Edwards and that whole problematic image issue
John Edwards and Mitt Romney appear to be turning up in the public imagination as mirror images, or sorts. The line is that there’s a certain plasticity to both of them, a certain pretty-boy image, and a certain phoniness.
The charge is particularly strong by the oppostion party for both of them, but I think it permeates the images the primary voters of both parties hold for Romney and Edwards.
The problem with the charge against Edwards is that it misses any real mark whatsoever. I don’t know that Edwards is any worse than any of the other candidates in terms of “phoniness” (and Mitt Romney is the worst on this score), but if you charged me with lining up the case for Edwards’s phoniness, I could do so easily. Start with the Iraq War Resolution. John Kerry, who was pilloried for his ‘yea’ vote and his subsequent attempts at explaining his frame of “nuance”, had some backing in terms of his deliberations leading up to his vote. He sits in the same camp as, say, Chuck Hagel — who also voted “yea”, also poked around at the issues in Senate committees — and has been retrobate for the Republicans for expressing disfavor toward the Iraq War enterprise. Edwards, meanwhile, blasted full force ahead on the measure, cherrily stood next to the hated Joseph Lieberman and the deal-making Dick Gephardt when the Resolution was borne out, and spent Democratic Party events lecturing the Democratic faithful on behalf of the need to throw out Saddam. He was playing to conventional wisdom, the need to pad out his “Defense” bonafides in a light legislative record — to an extent that went beyond what John Kerry felt he had to do.

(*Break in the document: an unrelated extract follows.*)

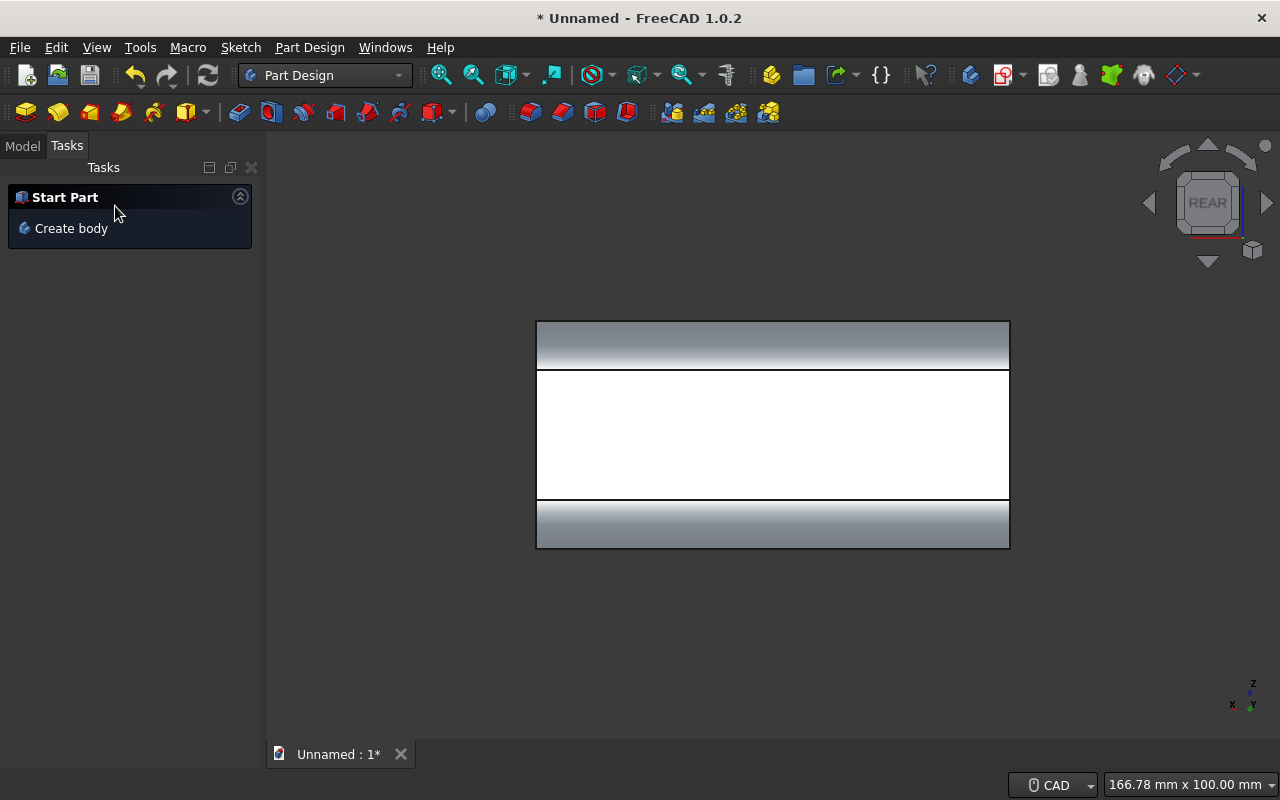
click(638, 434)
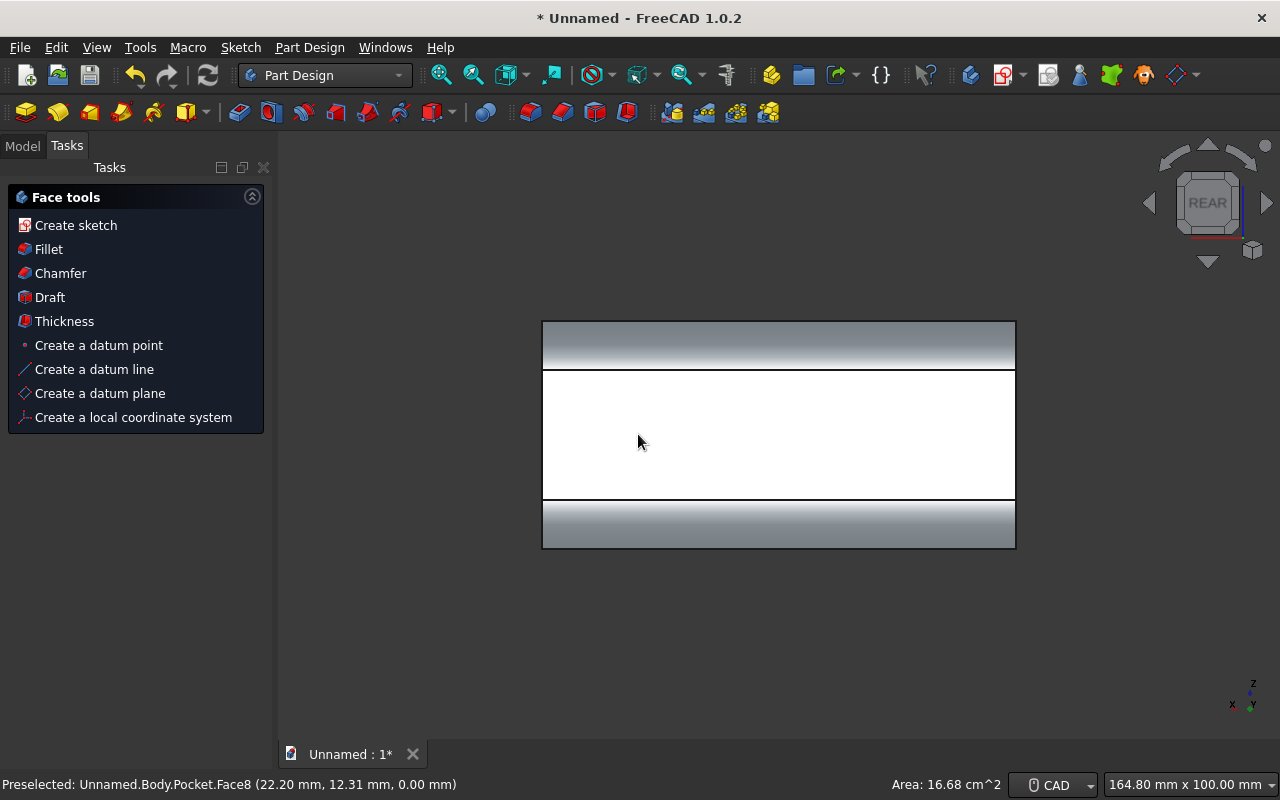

Today John Edwards says his vote was a mistake. Which is okay. It is a change of heart that happens to coincide perfectly with popular sentiment and the new conventional wisdom. And it is a change of heart that would be a little better seen as a true change of heart if he had shown — dare I call it Kerry-esque — signs of equivocation in the lead up to the Resolution vote.
The point I make by hashing out his wild swings on the Iraq War resolution is that policy issues such as this better qualify for consideration of this line of attack than what is being peddled at us — which boils down to: He’s running a campaign about poverty AND YET He’s rich and buys expensive things — and spending a good deal of money on his appearance. (The $300 haircut is the classic case.) This is, to quote Mitt Romney, a non sequitur, or a null set, which is that the Republicans apparently believe that Edwards or anyone who runs on a campaign concerning poverty is doing a campaign of Class Envy, positing that Edwards is a hypocrite because he is supposedly railing against the Rich.
I could dredge up Ann Coulter’s crudest version of this line of thinking within the confrontation Elizabeth Edwards made on Chris Matthew’s show, but I do not see any reason to. The higher brow version was in the guise of the recent news article that posited Edwards’s anti-poverty program as a cynical bridge to his election campaign, which it may as well be, but — as the Edwards faithful pointed out — it didn’t bother to survey those it affected.